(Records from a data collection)
+===+

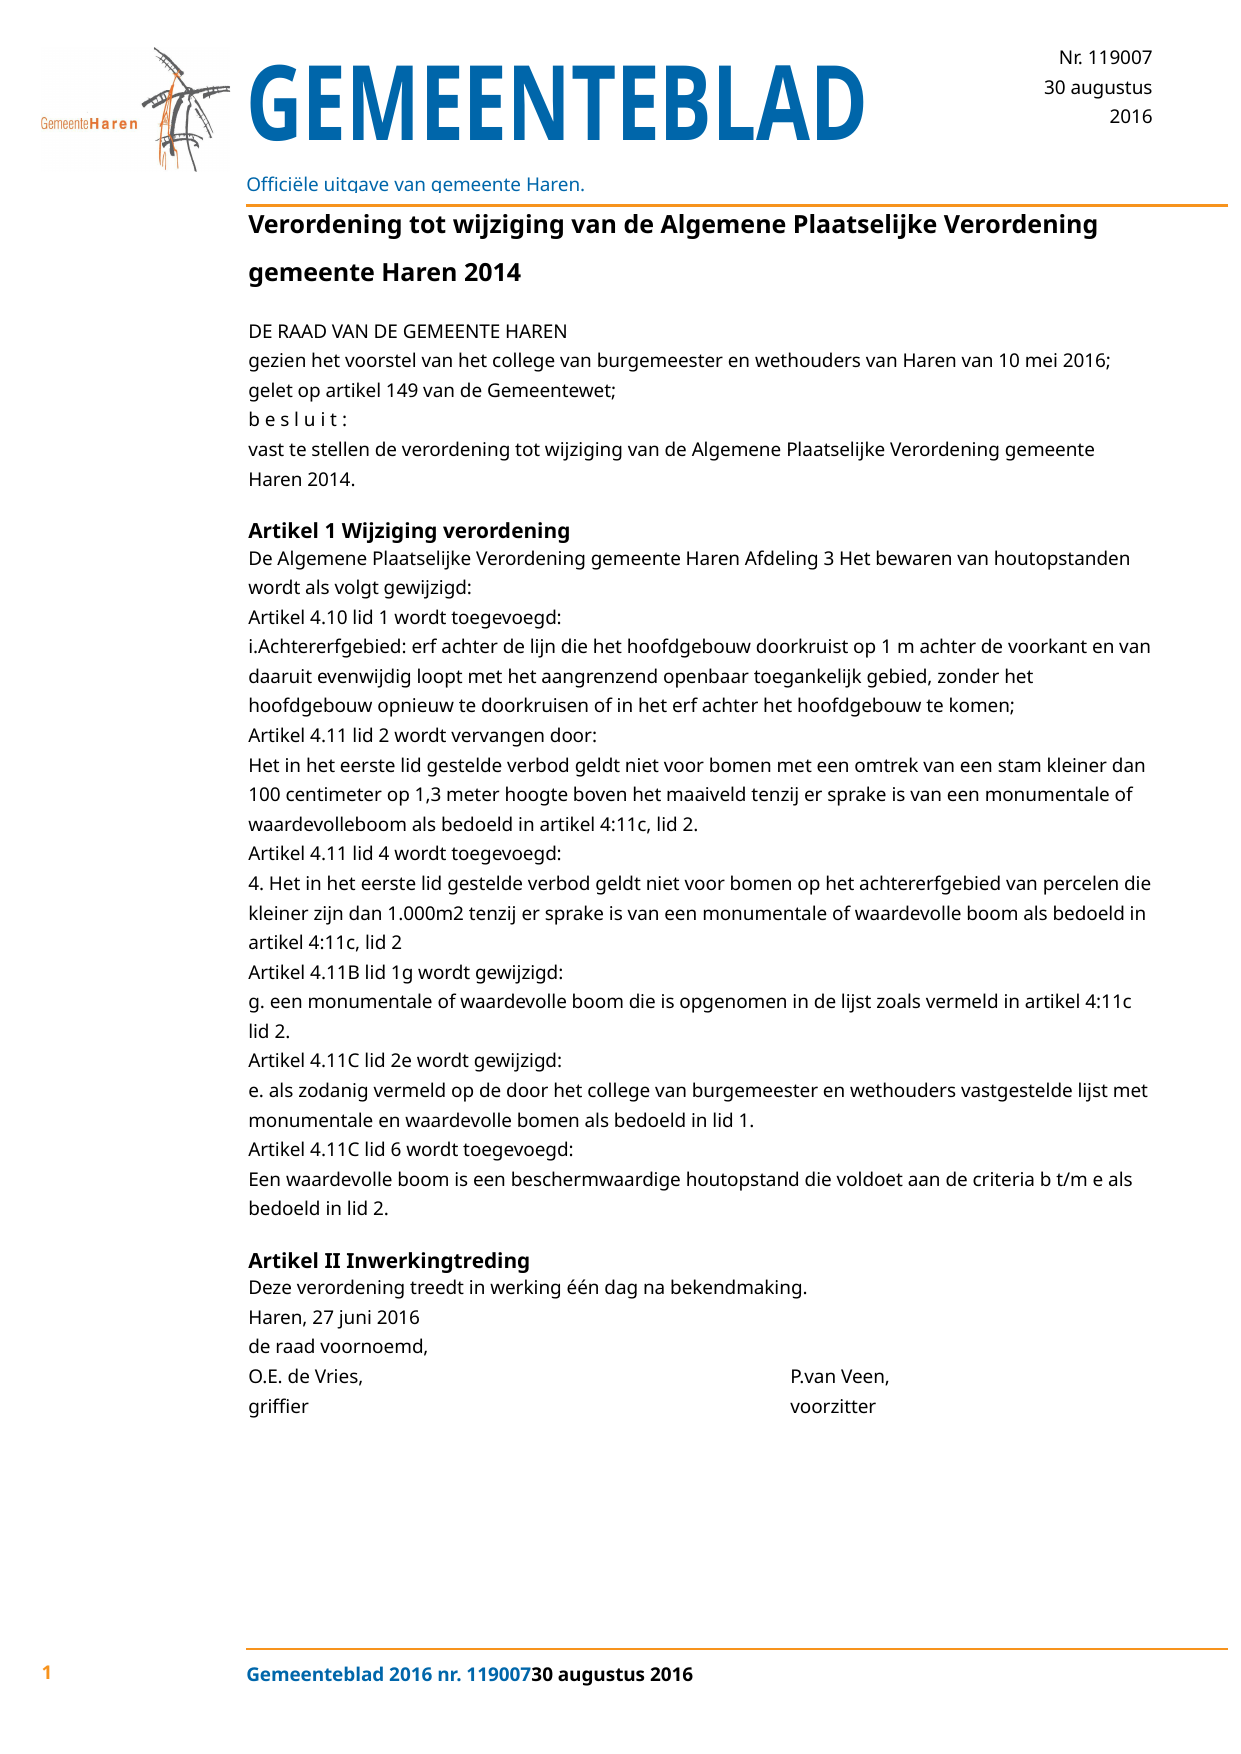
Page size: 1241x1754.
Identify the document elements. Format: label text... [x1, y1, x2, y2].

text Artikel 4.11C lid 2e wordt gewijzigd: [248, 1048, 1152, 1073]
text Een waardevolle boom is een beschermwaardige houtopstand die voldoet aan de criteria b t/m e als bedoeld in lid 2. [248, 1166, 1152, 1221]
text i.Achtererfgebied: erf achter de lijn die het hoofdgebouw doorkruist op 1 m achter de voorkant en van daaruit evenwijdig loopt met het aangrenzend openbaar toegankelijk gebied, zonder het hoofdgebouw opnieuw te doorkruisen of in het erf achter het hoofdgebouw te komen; [248, 633, 1152, 718]
text Artikel 4.11B lid 1g wordt gewijzigd: [248, 959, 1152, 984]
text e. als zodanig vermeld op de door het college van burgemeester en wethouders vastgestelde lijst met monumentale en waardevolle bomen als bedoeld in lid 1. [248, 1077, 1152, 1132]
text Artikel II Inwerkingtreding [248, 1246, 1152, 1274]
text Artikel 4.10 lid 1 wordt toegevoegd: [248, 604, 1152, 629]
text Verordening tot wijziging van de Algemene Plaatselijke Verordening gemeente Haren 2014 [248, 207, 1152, 288]
text g. een monumentale of waardevolle boom die is opgenomen in de lijst zoals vermeld in artikel 4:11c lid 2. [248, 988, 1152, 1044]
text gezien het voorstel van het college van burgemeester en wethouders van Haren van 10 mei 2016; [248, 347, 1152, 373]
text Artikel 4.11C lid 6 wordt toegevoegd: [248, 1136, 1152, 1162]
text Deze verordening treedt in werking één dag na bekendmaking. [248, 1274, 1152, 1300]
picture [41, 47, 231, 172]
text 4. Het in het eerste lid gestelde verbod geldt niet voor bomen op het achtererfgebied van percelen die kleiner zijn dan 1.000m2 tenzij er sprake is van een monumentale of waardevolle boom als bedoeld in artikel 4:11c, lid 2 [248, 870, 1152, 955]
text DE RAAD VAN DE GEMEENTE HAREN [248, 318, 1152, 344]
table_header O.E. de Vries, griffier [248, 1363, 609, 1418]
text Artikel 4.11 lid 4 wordt toegevoegd: [248, 841, 1152, 866]
text Haren, 27 juni 2016 [248, 1304, 1152, 1330]
text b e s l u i t : [248, 407, 1152, 432]
text vast te stellen de verordening tot wijziging van de Algemene Plaatselijke Verordening gemeente Haren 2014. [248, 436, 1152, 492]
text Het in het eerste lid gestelde verbod geldt niet voor bomen met een omtrek van een stam kleiner dan 100 centimeter op 1,3 meter hoogte boven het maaiveld tenzij er sprake is van een monumentale of waardevolleboom als bedoeld in artikel 4:11c, lid 2. [248, 752, 1152, 837]
text Artikel 4.11 lid 2 wordt vervangen door: [248, 722, 1152, 748]
text de raad voornoemd, [248, 1333, 1152, 1359]
text gelet op artikel 149 van de Gemeentewet; [248, 377, 1152, 403]
table_header [609, 1363, 790, 1418]
text Artikel 1 Wijziging verordening [248, 516, 1152, 545]
table_header P.van Veen, voorzitter [790, 1363, 1152, 1418]
text De Algemene Plaatselijke Verordening gemeente Haren Afdeling 3 Het bewaren van houtopstanden wordt als volgt gewijzigd: [248, 545, 1152, 600]
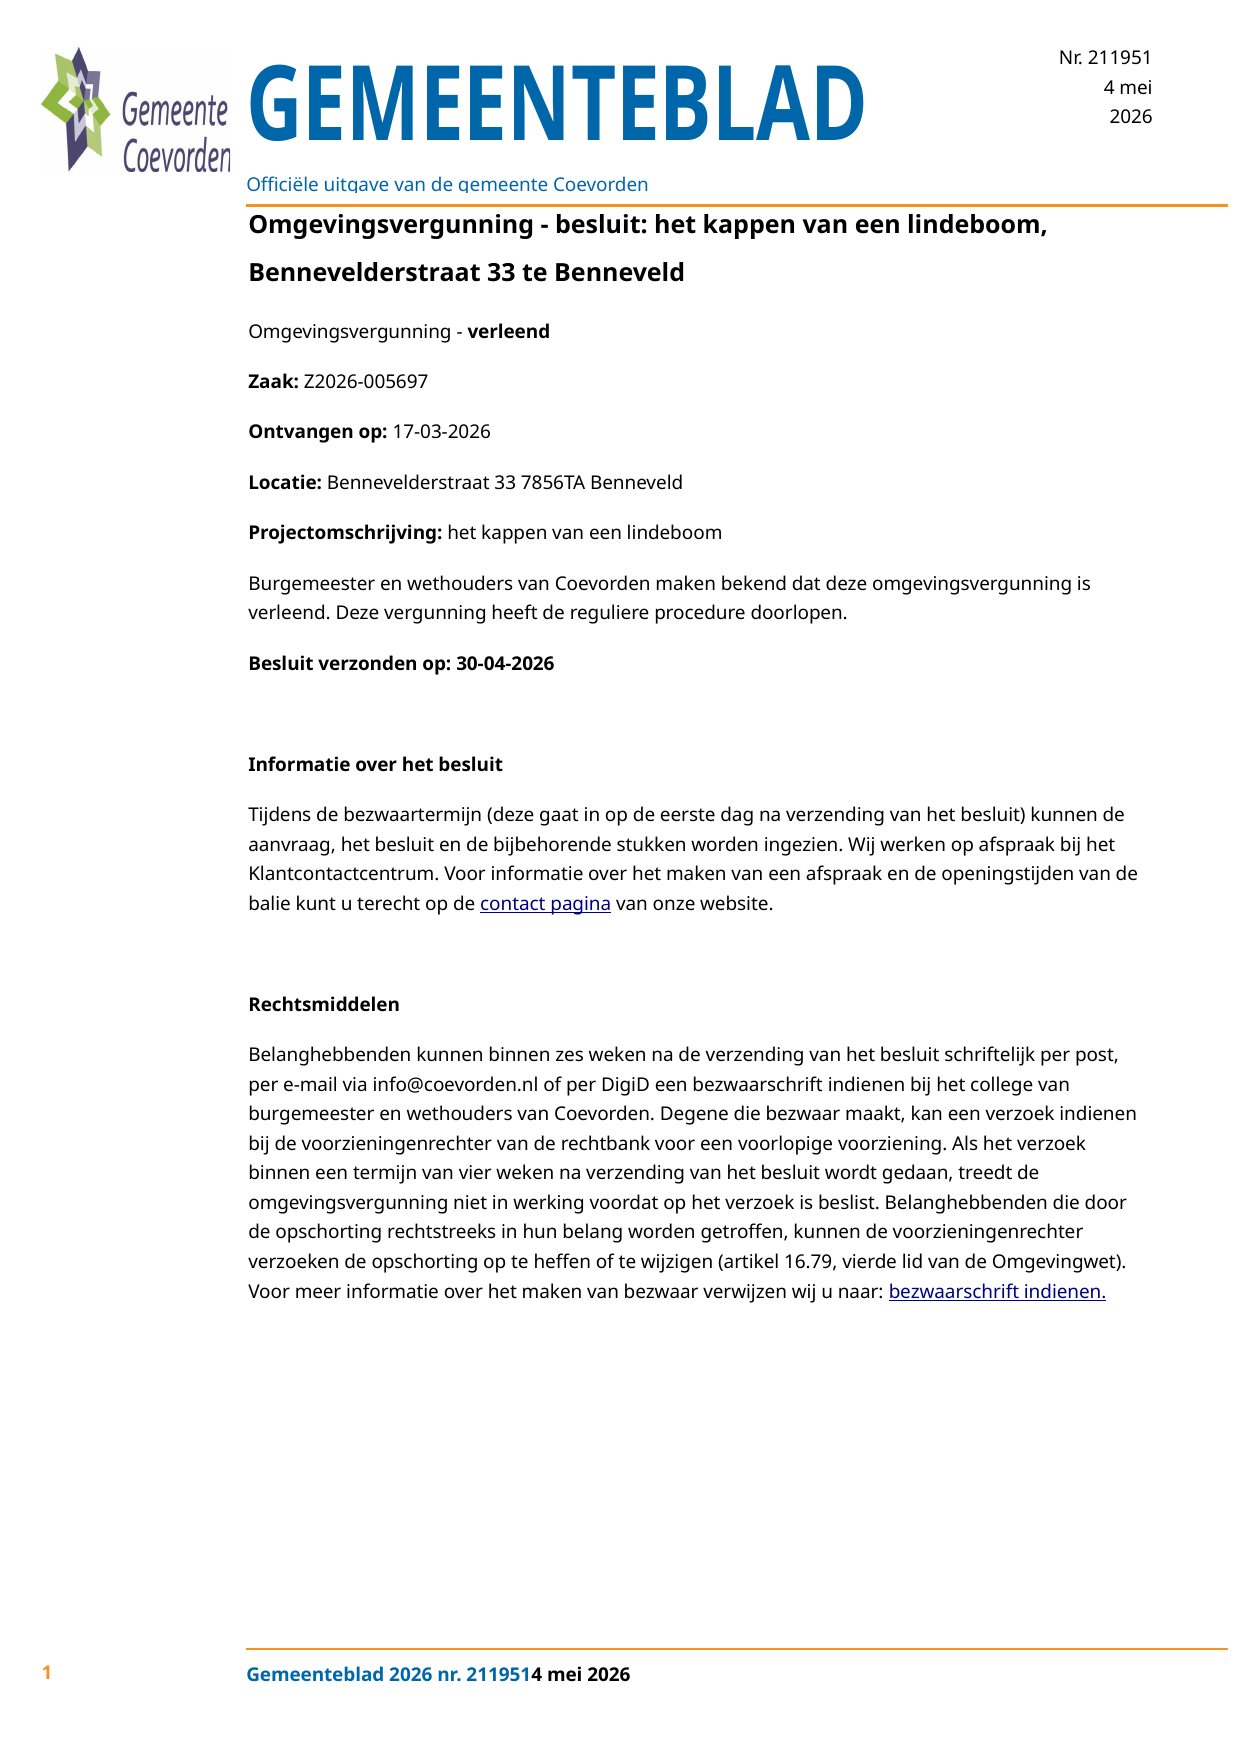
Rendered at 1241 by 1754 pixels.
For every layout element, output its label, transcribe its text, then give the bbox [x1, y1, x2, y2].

text Tijdens de bezwaartermijn (deze gaat in op de eerste dag na verzending van het besluit) kunnen de aanvraag, het besluit en de bijbehorende stukken worden ingezien. Wij werken op afspraak bij het Klantcontactcentrum. Voor informatie over het maken van een afspraak en de openingstijden van de balie kunt u terecht op de contact pagina van onze website. [248, 801, 1152, 916]
text Rechtsmiddelen [248, 991, 1152, 1017]
text Besluit verzonden op: 30-04-2026 [248, 650, 1152, 676]
text Informatie over het besluit [248, 751, 1152, 777]
text Projectomschrijving: het kappen van een lindeboom [248, 519, 1152, 545]
text Ontvangen op: 17-03-2026 [248, 419, 1152, 444]
picture [41, 47, 231, 172]
text Omgevingsvergunning - besluit: het kappen van een lindeboom, Bennevelderstraat 33 te Benneveld [248, 207, 1152, 288]
text Belanghebbenden kunnen binnen zes weken na de verzending van het besluit schriftelijk per post, per e-mail via info@coevorden.nl of per DigiD een bezwaarschrift indienen bij het college van burgemeester en wethouders van Coevorden. Degene die bezwaar maakt, kan een verzoek indienen bij de voorzieningenrechter van de rechtbank voor een voorlopige voorziening. Als het verzoek binnen een termijn van vier weken na verzending van het besluit wordt gedaan, treedt de omgevingsvergunning niet in werking voordat op het verzoek is beslist. Belanghebbenden die door de opschorting rechtstreeks in hun belang worden getroffen, kunnen de voorzieningenrechter verzoeken de opschorting op te heffen of te wijzigen (artikel 16.79, vierde lid van de Omgevingwet). Voor meer informatie over het maken van bezwaar verwijzen wij u naar: bezwaarschrift indienen. [248, 1041, 1152, 1304]
text Burgemeester en wethouders van Coevorden maken bekend dat deze omgevingsvergunning is verleend. Deze vergunning heeft de reguliere procedure doorlopen. [248, 570, 1152, 625]
text Locatie: Bennevelderstraat 33 7856TA Benneveld [248, 469, 1152, 495]
text Zaak: Z2026-005697 [248, 368, 1152, 394]
text Omgevingsvergunning - verleend [248, 318, 1152, 344]

+===+

Task prompt :: Every line from the first line of the entries above through the line with "text g. een" must be repeated exactly, and pictures must not be.

Solution to this task ::
Page size: 1241x1754.
Identify the document elements. Format: label text... [x1, y1, x2, y2].

text Artikel 4.11C lid 2e wordt gewijzigd: [248, 1048, 1152, 1073]
text Een waardevolle boom is een beschermwaardige houtopstand die voldoet aan de criteria b t/m e als bedoeld in lid 2. [248, 1166, 1152, 1221]
text i.Achtererfgebied: erf achter de lijn die het hoofdgebouw doorkruist op 1 m achter de voorkant en van daaruit evenwijdig loopt met het aangrenzend openbaar toegankelijk gebied, zonder het hoofdgebouw opnieuw te doorkruisen of in het erf achter het hoofdgebouw te komen; [248, 633, 1152, 718]
text Artikel 4.11B lid 1g wordt gewijzigd: [248, 959, 1152, 984]
text e. als zodanig vermeld op de door het college van burgemeester en wethouders vastgestelde lijst met monumentale en waardevolle bomen als bedoeld in lid 1. [248, 1077, 1152, 1132]
text Artikel II Inwerkingtreding [248, 1246, 1152, 1274]
text Artikel 4.10 lid 1 wordt toegevoegd: [248, 604, 1152, 629]
text Verordening tot wijziging van de Algemene Plaatselijke Verordening gemeente Haren 2014 [248, 207, 1152, 288]
text g. een monumentale of waardevolle boom die is opgenomen in de lijst zoals vermeld in artikel 4:11c lid 2. [248, 988, 1152, 1044]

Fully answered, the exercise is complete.